Change is in the air. I can feel it in my bones. Housekeeping, the acts of budgeting, food production, home cooking, cleaning, and caring for a family, is becoming a more attractive option for young people to immerse themselves in. Instead of being seen as second best, it's now up there as being a healthy, dignified, modern, family-centred way of gaining balance and harmony in life. Gone are the days when ambition and promotion win every time. Now there is a gentler option, now it's okay to put yourself in the picture and decide that the work that pays the bills can function efficiently alongside the unpaid work of housekeeping. Working together, they pay the biggest and best dividends.
This week's flowers from the garden are mini gerberas, zinnias, camellias and mock orange greenery.
After too many years of men and women working hard to buy everything they are supposed to want and need, up popped common sense to ask this question: "Why not work less and do more for myself so that I don't need so much money to live?" Could it be that simple? Living well on less, hmmm, it's got a good ring to it. Most of us have grown up with the idea that you must work to have the money to keep up with the Joneses and while that concept is the basis of our Western economies, I believe families have been short-changed by it. While our governments are saying that families are the centrepiece of the nation, they put the economy first; surely they should have equal footing. I’m not advocating we all give up work and stay home to mellow out but it shouldn’t be an all or nothing scenario. There should be an option for job sharing, part time work, two parents working at different times, working from home and home businesses. No one is telling us to cut our desires and expenses so we can give more time to family and to life. The emphasis is to build the economy, work longer, buy more, live in bigger houses and have “good debt”. Up until the second world war, before the days of credit cards and huge mortgages, we all lived very happily with less and by doing much of the work we now pay to have done for us. It's a vicious circle - we work to have the money to live well, but when we see all those things we want, we have to work more to pay for it all. We also spend more on food because we don't have the time to carefully prepare our own food. A quick burger or bucket of chicken may be handy at the end of a busy day but that and being tired and overworked is putting us in our graves too soon.
A small garden harvest for that night's dinner.
I think the economic crisis has been another part of the push towards homekeeping - as people lose their jobs, they concentrate more on saving money in the home and realise they can save a lot and that the work is rewarding. Some have seen the sense of growing food if there is space in the backyard, some have been more aware of their grocery budget and some have started knitting, sewing and making gifts in an endeavour to enrich life and save money at the same time. Thirty-seven percent of American households are actively growing vegetable gardens now. Hanno went to our local market early on Sunday morning to buy seedlings and had to wait five minutes at 5.45am to be served. When he left, over 50 people were waiting at the little stall to buy their precious cargo.
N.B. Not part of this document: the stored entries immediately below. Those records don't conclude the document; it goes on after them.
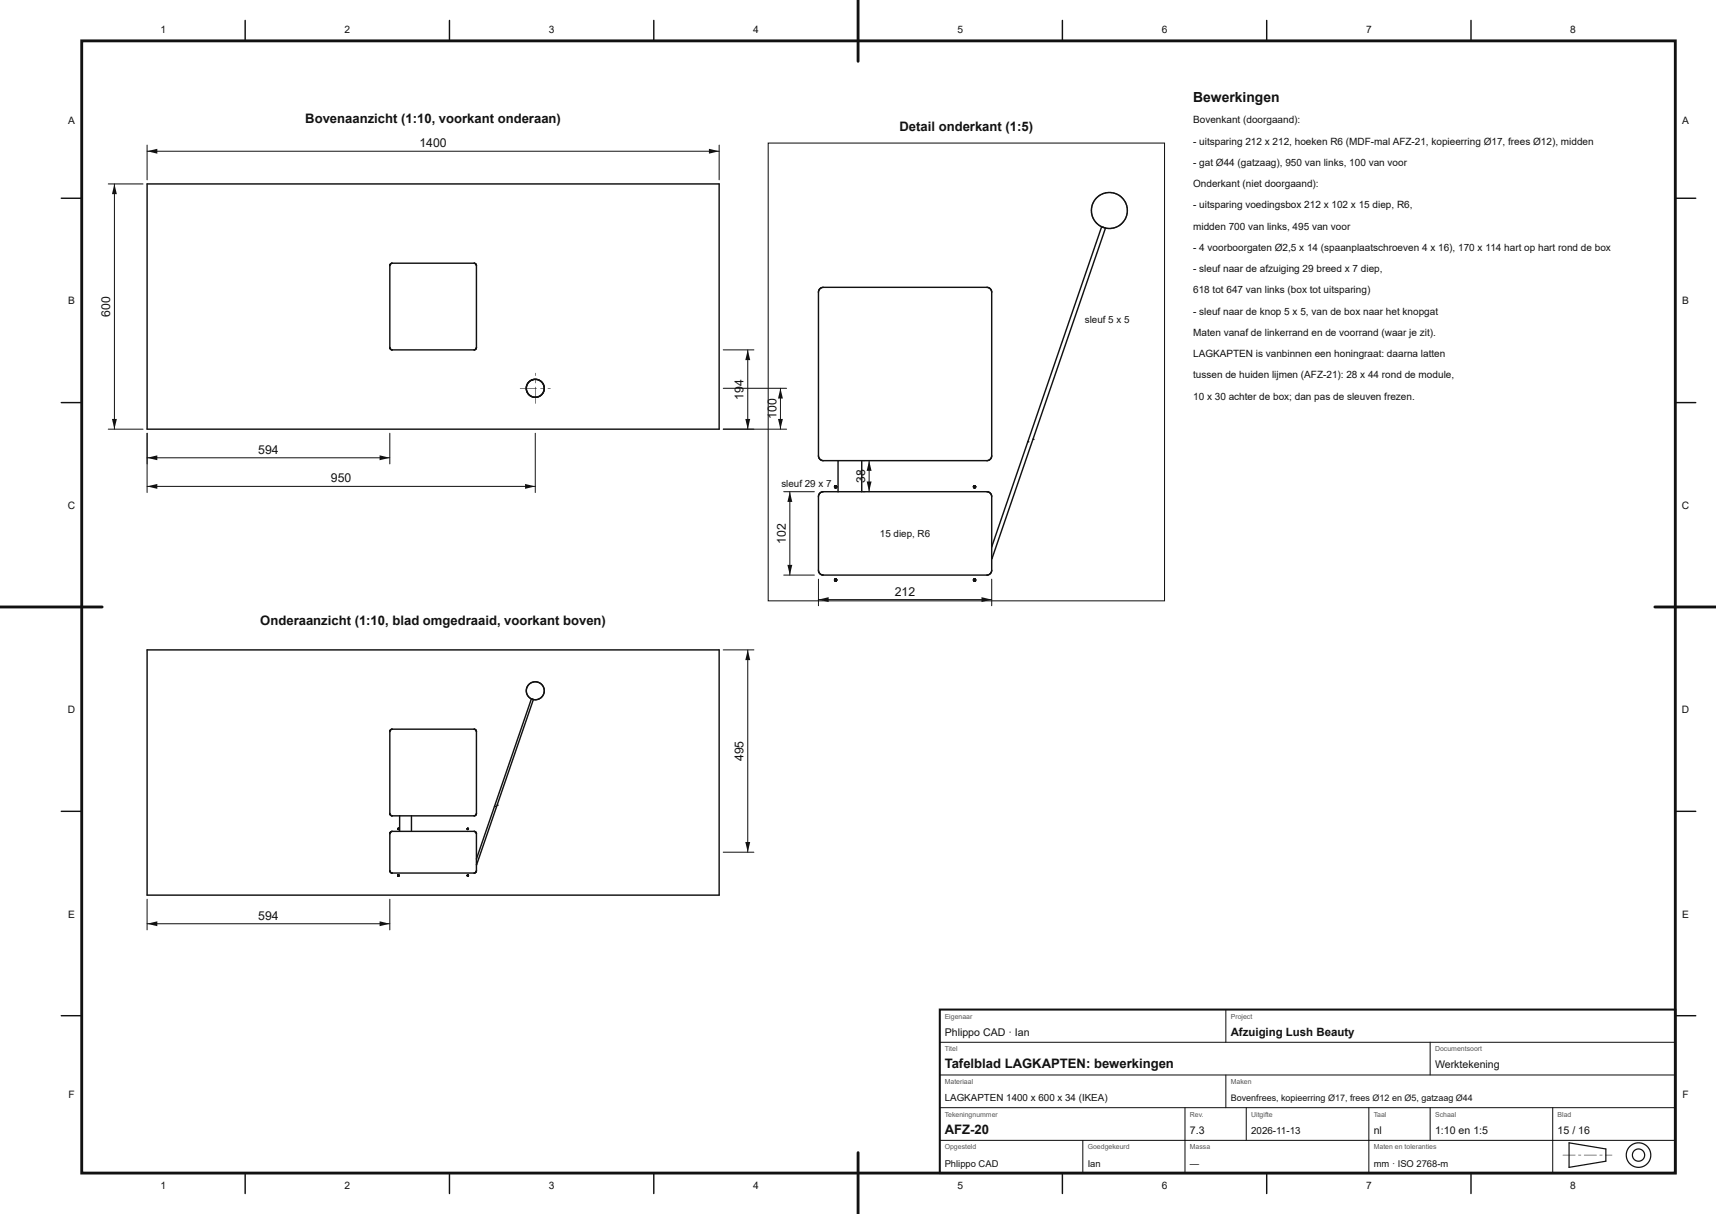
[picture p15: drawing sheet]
<svg xmlns="http://www.w3.org/2000/svg" width="420mm" height="297mm" viewBox="0 0 420 297" stroke-linecap="round" stroke-linejoin="round" font-family="sans-serif">
<defs><g id="words">
<text font-size="3.4" fill="#111" x="292" y="25">Bewerkingen</text>
<g font-size="3.2" fill="#111">
<text x="74.7" y="30">Bovenaanzicht (1:10, voorkant onderaan)</text>
<text x="220.1" y="32">Detail onderkant (1:5)</text>
<text x="63.7" y="153">Onderaanzicht (1:10, blad omgedraaid, voorkant boven)</text>
<text x="231.2" y="261.4">Tafelblad LAGKAPTEN: bewerkingen</text>
<text x="231.2" y="277.4">AFZ-20</text>
</g>
<g font-size="3" fill="#111">
<text x="102.7" y="36">1400</text>
<text x="27" y="77.5" transform="rotate(-90 27 77.5)">600</text>
<text x="182" y="94.5" transform="rotate(-90 182 94.5)">4</text>
<text x="182" y="97.8" transform="rotate(-90 182 97.8)">19</text>
<text x="190" y="102.5" transform="rotate(-90 190 102.5)">100</text>
<text x="63.2" y="111">594</text>
<text x="81" y="118">950</text>
<text x="211.7" y="118.2" transform="rotate(-90 211.7 118.2)">38</text>
<text x="192.3" y="133" transform="rotate(-90 192.3 133)">102</text>
<text x="219" y="145.7">212</text>
<text x="182" y="186.3" transform="rotate(-90 182 186.3)">495</text>
<text x="63.2" y="225">594</text>
</g>
<text font-size="2.8" fill="#111" x="301.2" y="253.4">Afzuiging Lush Beauty</text>
<g font-size="2.6" fill="#111">
<text x="231.2" y="253.4">Phlippo CAD · Ian</text>
<text x="351.2" y="261.4">Werktekening</text>
<text x="291.2" y="277.4">7.3</text>
<text x="336.2" y="277.4">nl</text>
<text x="351.2" y="277.4">1:10 en 1:5</text>
<text x="381.2" y="277.4">15 / 16</text>
</g>
<g font-size="2.5" fill="#111">
<text x="39.3" y="8">1</text>
<text x="84.3" y="8">2</text>
<text x="134.3" y="8">3</text>
<text x="184.3" y="8">4</text>
<text x="234.3" y="8">5</text>
<text x="284.3" y="8">6</text>
<text x="334.3" y="8">7</text>
<text x="384.3" y="8">8</text>
<text x="16.7" y="30.2">A</text>
<text x="411.7" y="30.2">A</text>
<text x="16.7" y="74.5">B</text>
<text x="411.7" y="74.5">B</text>
<text x="16.6" y="124.5">C</text>
<text x="411.6" y="124.5">C</text>
<text x="16.6" y="174.5">D</text>
<text x="411.6" y="174.5">D</text>
<text x="16.7" y="224.5">E</text>
<text x="411.7" y="224.5">E</text>
<text x="16.7" y="268.7">F</text>
<text x="411.7" y="268.7">F</text>
<text x="39.3" y="291">1</text>
<text x="84.3" y="291">2</text>
<text x="134.3" y="291">3</text>
<text x="184.3" y="291">4</text>
<text x="234.3" y="291">5</text>
<text x="284.3" y="291">6</text>
<text x="334.3" y="291">7</text>
<text x="384.3" y="291">8</text>
</g>
<g font-size="2.4" fill="#111">
<text x="292" y="30.2">Bovenkant (doorgaand):</text>
<text x="292" y="35.4">- uitsparing 212 x 212, hoeken R6 (MDF-mal AFZ-21, kopieerring Ø17, frees Ø12), midden</text>
<text x="292" y="40.6">- gat Ø44 (gatzaag), 950 van links, 100 van voor</text>
<text x="292" y="45.8">Onderkant (niet doorgaand):</text>
<text x="292" y="51">- uitsparing voedingsbox 212 x 102 x 15 diep, R6,</text>
<text x="292" y="56.2">midden 700 van links, 495 van voor</text>
<text x="292" y="61.4">- 4 voorboorgaten Ø2,5 x 14 (spaanplaatschroeven 4 x 16), 170 x 114 hart op hart rond de box</text>
<text x="292" y="66.6">- sleuf naar de afzuiging 29 breed x 7 diep,</text>
<text x="292" y="71.8">618 tot 647 van links (box tot uitsparing)</text>
<text x="292" y="77">- sleuf naar de knop 5 x 5, van de box naar het knopgat</text>
<text x="265.5" y="79">sleuf 5 x 5</text>
<text x="292" y="82.2">Maten vanaf de linkerrand en de voorrand (waar je zit).</text>
<text x="292" y="87.4">LAGKAPTEN is vanbinnen een honingraat: daarna latten</text>
<text x="292" y="92.6">tussen de huiden lijmen (AFZ-21): 28 x 44 rond de module,</text>
<text x="292" y="97.8">10 x 30 achter de box; dan pas de sleuven frezen.</text>
<text x="191.2" y="119.1">sleuf 29 x 7</text>
<text x="215.4" y="131.5">15 diep, R6</text>
<text x="231.2" y="269.4">LAGKAPTEN 1400 x 600 x 34 (IKEA)</text>
<text x="306.2" y="277.4">2026-11-13</text>
</g>
<g font-size="2.3" fill="#111">
<text x="231.2" y="285.4">Phlippo CAD</text>
<text x="266.2" y="285.4">Ian</text>
<text x="291.2" y="285.4">—</text>
<text x="336.2" y="285.4">mm · ISO 2768-m</text>
</g>
<text font-size="2.2" fill="#111" x="301.2" y="269.4">Bovenfrees, kopieerring Ø17, frees Ø12 en Ø5, gatzaag Ø44</text>
<g font-size="1.7" fill="#555">
<text x="231.2" y="249.2">Eigenaar</text>
<text x="301.2" y="249.2">Project</text>
<text x="231.2" y="257.2">Titel</text>
<text x="351.2" y="257.2">Documentsoort</text>
<text x="231.2" y="265.2">Materiaal</text>
<text x="301.2" y="265.2">Maken</text>
<text x="231.2" y="273.2">Tekeningnummer</text>
<text x="291.2" y="273.2">Rev.</text>
<text x="306.2" y="273.2">Uitgifte</text>
<text x="336.2" y="273.2">Taal</text>
<text x="351.2" y="273.2">Schaal</text>
<text x="381.2" y="273.2">Blad</text>
<text x="231.2" y="281.2">Opgesteld</text>
<text x="266.2" y="281.2">Goedgekeurd</text>
<text x="291.2" y="281.2">Massa</text>
<text x="336.2" y="281.2">Maten en toleranties</text>
</g>
</g></defs>
<g fill="none" stroke="#111" stroke-width=".35">
<path d="M36 45h140v60h-140zM95.7 64.5l-.3 .4v20.2l.2 .4 .3 .1h20.2l.4-.2 .1-.3v-20.2l-.3-.4M95.7 64.5h20.6M95.7 64.5h.1M116.3 64.5h.1"/>
<circle cx="131" cy="95" r="2.2"/>
</g>
<circle cx="130.2" cy="93" r=".17" fill="#111"/>
<circle cx="131" cy="95" r="2.2" fill="none" stroke="#111" stroke-width=".35"/>
<g fill="#111">
<path d="M127.3 95h4.1zM132.3 95h.9zM134.1 95h.7z"/>
<path d="M131 94.7v4.1zM131 92.9v.9zM131 91.3v.7z"/>
</g>
<path d="M36 35.5v8.5M36 37h140M176 35.5v8.5" fill="none" stroke="#111" stroke-width=".24"/>
<g fill="#111">
<path d="M36 37l2.5-.6v1.2z"/>
<path d="M173.5 36.4l2.5 .6-2.5 .6z"/>
</g>
<path d="M26.5 45h8.5M28 45v60M26.5 105h8.5" fill="none" stroke="#111" stroke-width=".24"/>
<g fill="#111">
<path d="M27.4 102.5h1.2l-.6 2.5z"/>
<path d="M28 45l.6 2.5h-1.2z"/>
</g>
<path d="M36 106v7.5M36 112h59.4M95.4 106v7.5" fill="none" stroke="#111" stroke-width=".24"/>
<g fill="#111">
<path d="M36 112l2.5-.6v1.2z"/>
<path d="M92.9 111.4l2.5 .6-2.5 .6z"/>
</g>
<path d="M36 106v14.5M36 119h95M131 106v14.5" fill="none" stroke="#111" stroke-width=".24"/>
<g fill="#111">
<path d="M36 119l2.5-.6v1.2z"/>
<path d="M128.5 118.4l2.5 .6-2.5 .6z"/>
</g>
<path d="M177 85.6h7.5M183 85.6v19.4M177 105h7.5" fill="none" stroke="#111" stroke-width=".24"/>
<g fill="#111">
<path d="M182.4 102.5h1.2l-.6 2.5z"/>
<path d="M183 85.6l.6 2.5h-1.2z"/>
</g>
<path d="M177 95h15.5M191 95v10M177 105h15.5" fill="none" stroke="#111" stroke-width=".24"/>
<g fill="#111">
<path d="M190.4 102.5h1.2l-.6 2.5z"/>
<path d="M191 95l.6 2.5h-1.2z"/>
</g>
<g fill="none" stroke="#111" stroke-width=".35">
<path d="M36 159h140v60h-140zM95.7 178.5l-.3 .4v20.2l.3 .4M95.7 178.5h.1M95.7 178.5h20.6M116.3 178.5h.1M116.3 178.5l.3 .4v20.2l-.3 .4M130 171l-13.4 39.1M130 171h.1M130.4 171.1a2.2 2.2 0 0 0 2.7-2.6 2.2 2.2 0 0 0-3.6-1.2 2.2 2.2 0 0 0 .7 3.7l.2 .1M130.5 171.1l-13.9 40.5M95.7 199.5h.1M95.7 199.5h20.6"/>
<path d="M97.8 199.6v3.8M100.7 199.6v3.8M116.3 199.5h.1M95.4 203.8v9.3l.3 .4M95.4 203.8h.1M95.7 213.5h.1M95.7 203.5l-.3 .3M95.7 203.5h20.6M95.7 213.5h20.6M95.7 203.5h.1M97.4 214.3h.2M97.4 202.9h.1"/>
<path d="M97.4 214.1h.2M97.4 214.3l.1-.2v.2M97.4 202.7h.1M97.5 202.7h.1M97.6 202.7v.1M97.6 202.7l-.2 .2M97.6 202.7h.1M97.6 202.9h.1M97.6 214.1h.1M97.6 214.3h.1M97.6 214.1v.1M97.6 202.8h.1"/>
<path d="M97.6 202.8h-.2M114.4 202.8h.1M114.4 202.7v.1M114.4 214.1h.1M114.4 214.3h.1M114.4 202.9h.1M114.4 214.1l.2 .2h-.2M114.4 214.1v.1l.2 .1M114.5 214.1l.1 .1M114.6 202.9h.1M114.6 202.7h-.2M114.6 202.7h.1"/>
<path d="M114.6 202.7v.2M114.6 202.8h-.2M116.3 203.5h.1M116.3 203.5l.2 .3M116.3 213.5h.1M116.5 203.8h.1M116.6 203.8v9.3l-.3 .4M116.6 211.6h.1"/>
</g>
<circle cx="130.2" cy="171" r=".17" fill="#111"/>
<path d="M114.5 214.3h.1" fill="none" stroke="#111" stroke-width=".35"/>
<g fill="#111">
<circle cx="121.6" cy="197" r=".17"/>
<circle cx="121" cy="197.3" r=".17"/>
</g>
<path d="M36 220v7.5M95.4 220v7.5M36 226h59.4" fill="none" stroke="#111" stroke-width=".24"/>
<g fill="#111">
<path d="M36 226l2.5-.6v1.2z"/>
<path d="M92.9 225.4l2.5 .6-2.5 .6z"/>
</g>
<path d="M177 159h7.5M183 159v49.5M177 208.5h7.5" fill="none" stroke="#111" stroke-width=".24"/>
<g fill="#111">
<path d="M183 159l.6 2.5h-1.2z"/>
<path d="M182.4 206h1.2l-.6 2.5z"/>
</g>
<g fill="none" stroke="#111" stroke-width=".35">
<path d="M269.6 55.5l-26.9 78.3M269.6 55.5h.1M270.2 55.7l.4 .1M270.3 55.8a4.4 4.4 0 0 1-2.2-7.2 4.4 4.4 0 0 1 7.4 1.1 4.4 4.4 0 0 1-4.2 6.2l-.7-.1M270.5 55.8l-27.8 80.8v2.9a1.19 1.19 0 0 1-1.2 1.2h-40a1.19 1.19 0 0 1-1.2-1.2v-18a1.19 1.19 0 0 1 1.2-1.2h3.6v-7.6M204.3 119.2h.1M204.3 119h.1M204.3 119.2l.1 .1M204.3 118.9h.1M204.4 118.9l-.1 .1M204.4 119.3h.1M204.4 118.9h.1"/>
<path d="M204.6 118.9h.1M204.6 119.3h.1M204.6 118.9l.1 .1M204.7 119h.1M204.7 119.2h.1M210.8 112.7h-9.3a1.19 1.19 0 0 1-1.2-1.2v-40a1.19 1.19 0 0 1 1.2-1.2h40a1.19 1.19 0 0 1 1.2 1.2v40a1.19 1.19 0 0 1-1.2 1.2h-30.6v7.6h30.6a1.19 1.19 0 0 1 1.2 1.2v15.1M238.3 119.2h.1M238.3 119h.1M238.3 119.2l.1 .1M238.3 118.9l-.1 .2 .2 .2M238.3 118.9h.1M238.4 119.3h.1"/>
<path d="M238.4 118.9h.1M238.4 118.8h.1M238.4 118.8l-.1 .2M238.5 118.8l.2 .2v.3M238.6 118.9l.1 .1M238.7 119.3h.1M238.7 119.2l-.3 .1M238.7 119h.1M238.7 119.2h.1M205.2 120.3h5.6M204.3 142h.1M204.3 141.8h.1"/>
<path d="M204.3 142l.1 .1M204.4 141.7l-.1 .1M204.4 142.1h.1M204.4 141.7h.1M204.6 141.7h.1M204.6 142.1h.1M204.6 141.7l.1 .1M204.7 141.7l-.1 .4M204.7 141.7h-.4v.4M204.7 142l-.4 .1M204.7 141.8h.1M204.7 142h.1"/>
<path d="M238.2 141.9l.1 .2M238.2 141.8v.1M238.3 142h.1M238.3 141.8h.1M238.3 142l.1 .1M238.3 142.1h.1M238.3 141.7l-.1 .1M238.4 141.7l-.1 .1M238.4 142.1h.1M238.4 141.7h.1M238.4 141.6h.1M238.4 141.6v.1"/>
<path d="M238.5 141.6l.1 .1M238.6 141.7h.1M238.6 142.1h.1M238.6 142.1h-.2M238.6 141.7l.1 .1M238.7 141.7h.1M238.7 142.1h.1M238.7 141.7v.1M238.7 142l-.1 .1M238.7 141.8h.1M238.7 142h.1M238.7 141.8v.1"/>
<path d="M238.7 141.9v.2"/>
<circle cx="204.5" cy="119.1" r=".25"/>
</g>
<g fill="#111">
<circle cx="269.9" cy="55.6" r=".17"/>
<circle cx="238.5" cy="142.1" r=".17"/>
<circle cx="252.8" cy="107.5" r=".17"/>
<circle cx="251.5" cy="108.1" r=".17"/>
</g>
<path d="M188 35h97v112h-97z" fill="none" stroke="#111" stroke-width=".25"/>
<path d="M200.3 141.7v6.5M200.3 146.7h42.4M242.7 141.7v6.5" fill="none" stroke="#111" stroke-width=".24"/>
<g fill="#111">
<path d="M200.3 146.7l2.5-.6v1.2z"/>
<path d="M240.2 146.1l2.5 .6-2.5 .6z"/>
</g>
<path d="M191.8 120.3h7.5M193.3 120.3v20.4M191.8 140.7h7.5" fill="none" stroke="#111" stroke-width=".24"/>
<g fill="#111">
<path d="M192.7 138.2h1.2l-.6 2.5z"/>
<path d="M193.3 120.3l.6 2.5h-1.2z"/>
</g>
<path d="M211.2 112.7h.5M212.7 112.7v7.6M211.2 120.3h.5" fill="none" stroke="#111" stroke-width=".24"/>
<g fill="#111">
<path d="M212.1 117.8h1.2l-.6 2.5z"/>
<path d="M212.7 112.7l.6 2.5h-1.2z"/>
</g>
<path d="M20 10h390v277h-390z" fill="none" stroke="#111" stroke-width=".7" stroke-linecap="butt"/>
<path d="M210 0v15M0 148.5h25M405 148.5h14.9M210 282v15" fill="none" stroke="#111" stroke-width=".7"/>
<g fill="none" stroke="#111" stroke-width=".35">
<path d="M60 5v5M110 5v5M160 5v5M210 5v5M260 5v5M310 5v5M360 5v5M15 48.5h5M410 48.5h5M15 98.5h5M410 98.5h5M15 148.5h5"/>
<path d="M410 148.5h5M15 198.5h5M410 198.5h5M15 248.5h5M410 248.5h5M60 287v5M110 287v5M160 287v5M210 287v5M260 287v5M310 287v5M360 287v5"/>
</g>
<path d="M230 247h180v40h-180z" fill="none" stroke="#111" stroke-width=".5"/>
<g fill="none" stroke="#111" stroke-width=".25">
<path d="M230 255h180M300 247v8M350 255v8M230 279h180M230 271h180M230 263h180M265 279v8M290 271v16M300 263v8M305 271v8M335 271v16M350 271v8"/>
<path d="M380 271v16"/>
</g>
<path d="M384 279.6l9 1.5v3l-9 1.5z" fill="none" stroke="#111" stroke-width=".3"/>
<path d="M382.4 282.5l3.2 .1zM386.2 282.5l.8 .1zM387.6 282.5l3.2 .1zM391.4 282.5l.8 .1zM392.8 282.5l1.8 .1z" fill="#111"/>
<g fill="none" stroke="#111" stroke-width=".3">
<circle cx="401" cy="282.6" r="3"/>
<circle cx="401" cy="282.6" r="1.5"/>
</g>
<use href="#words"/>
</svg>

We have been buying seedlings on and off at that stall for 12 years and it's never been that busy. Things are changing.
I think blogs have helped drive this change too. Instead of reading only what is edited and thought to be what people want to (and should) read in magazines and newspapers, guided not so gently by the influence of advertisers, along came blogs, where all we have to do it press "publish" to get our unsolicited, uncensored and unedited thoughts out there. Many of those thoughts are pedestrian and supporting the status quo but there were also many subversive blogs that showed happy housewives, beautiful homes filled with love but not much money, people being fulfilled and enriched by working in their homes and a kind of nostalgia for the old days when all that was commonplace. Blogs have shown us that the unorthodox and unconventional ways of those people not caught up in modern "must have" living are a valuable template for a way of life that allows us to enjoy home and family without working till we drop to achieve it.
Home made baked egg custard with nutmeg topping. Shhhh, the cook had a little taste. Both Hanno and I agree it's drop dead delicious. A triple D rating.
Housework and homemaking are sustainable. Whatever is put into it is paid back to the worker, not in dollars but in comfort, appreciation, happiness, satisfaction, calmness, love and security. It's one of the types of work that is self-fulfilling and gently layered. There is no corporate ladder, work can be left until tomorrow and you don't work overtime unless someone is sick, or on the odd occasion when a ballet costume needs to be made or covering the robot costume with tin foil before the school play just has to be done. More and more I see it – families with one main breadwinner, or two casual workers, whose main desire is to work enough to pay the bills but not enough to wipe out those years from 25 – 60. Vegetable gardening, DIY, home cooking, homekeeping, organisation and budgeting are making a comeback. I think a change to common sense has started, I hope there will be no going back.